One good side effect from the GameStop -induced rally of heavily shorted companies was that it shooed away short sellers from Bed Bath & Beyond . But that only lays bare how far the retailer still has to go to fully regain investor confidence.
Bed Bath & Beyond’s share price dropped almost 14% after the retailer announced relatively unsurprising top-line results on Wednesday morning. The company’s sales fell 16% in the quarter ended Feb. 27 from the like period a year earlier, pretty much in line with what analysts polled by Visible Alpha expected. The disappointment could have been from its bottom line, which was only a fraction of what Wall Street penciled in—but this was largely due to restructuring expenses and losses associated with its planned noncore business sales. Excluding those effects, net income for the quarter exceeded expectations.

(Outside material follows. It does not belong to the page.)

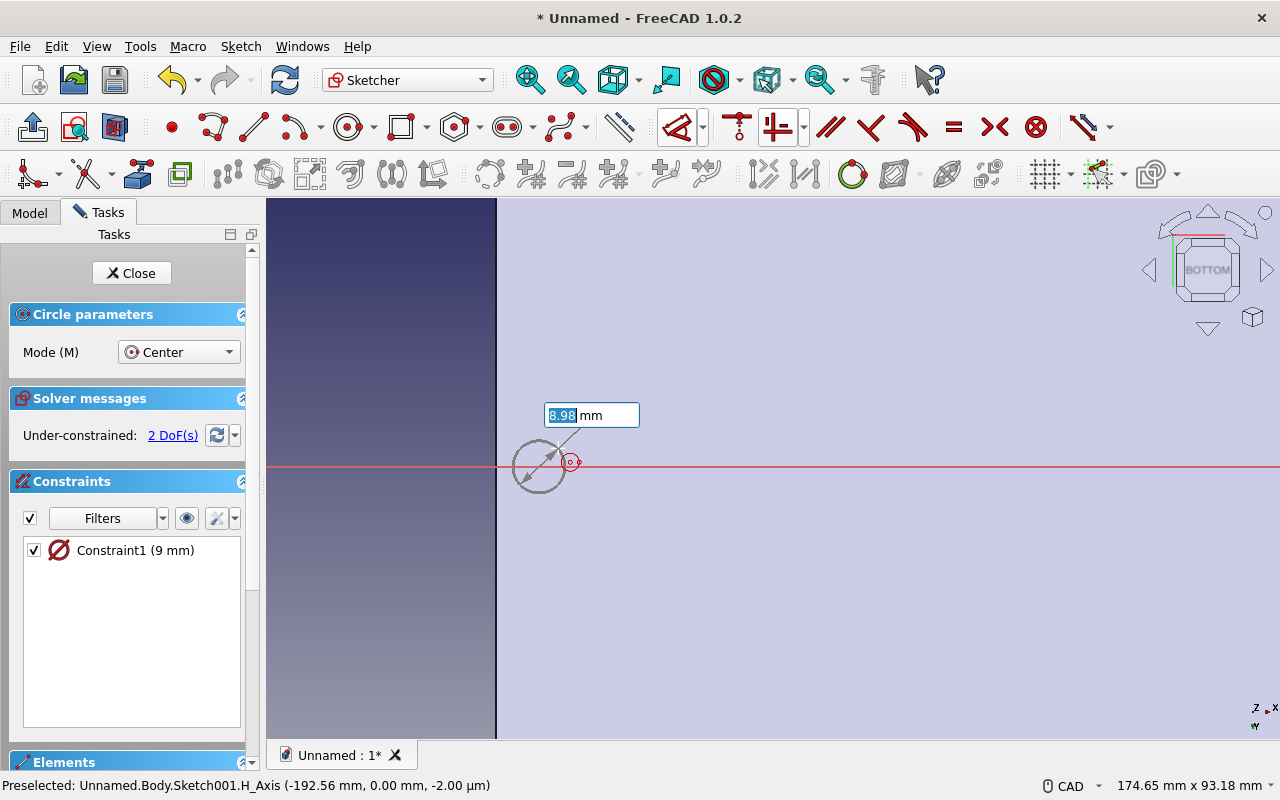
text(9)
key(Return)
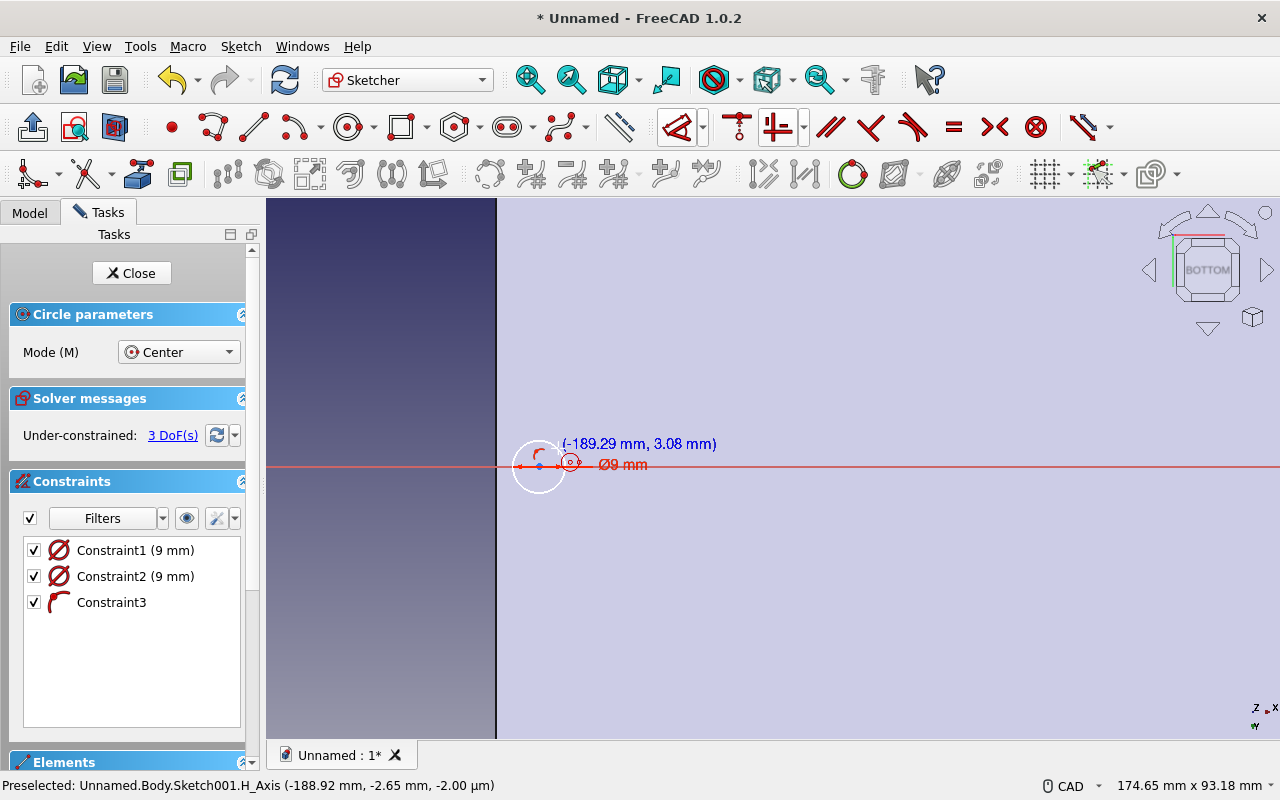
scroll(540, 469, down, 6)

The retailer is used to violent share-price reactions after quarterly results. Previously, some of that could be chalked up to the high degree of short interest, which as of early February accounted for 60% of float. Short interest now accounts for roughly 17% of float—still high by ordinary standards but much reduced.
Last fiscal year was the first full year with a fresh suite of executives and the results do give a picture of improving health in the underlying business. Revenue for the full year declined 17.3%, but greater efficiencies, including trimmed-down operating expenses and better promotional strategies, helped the company narrow its net loss to $150.8 million from the prior year’s $613.8 million.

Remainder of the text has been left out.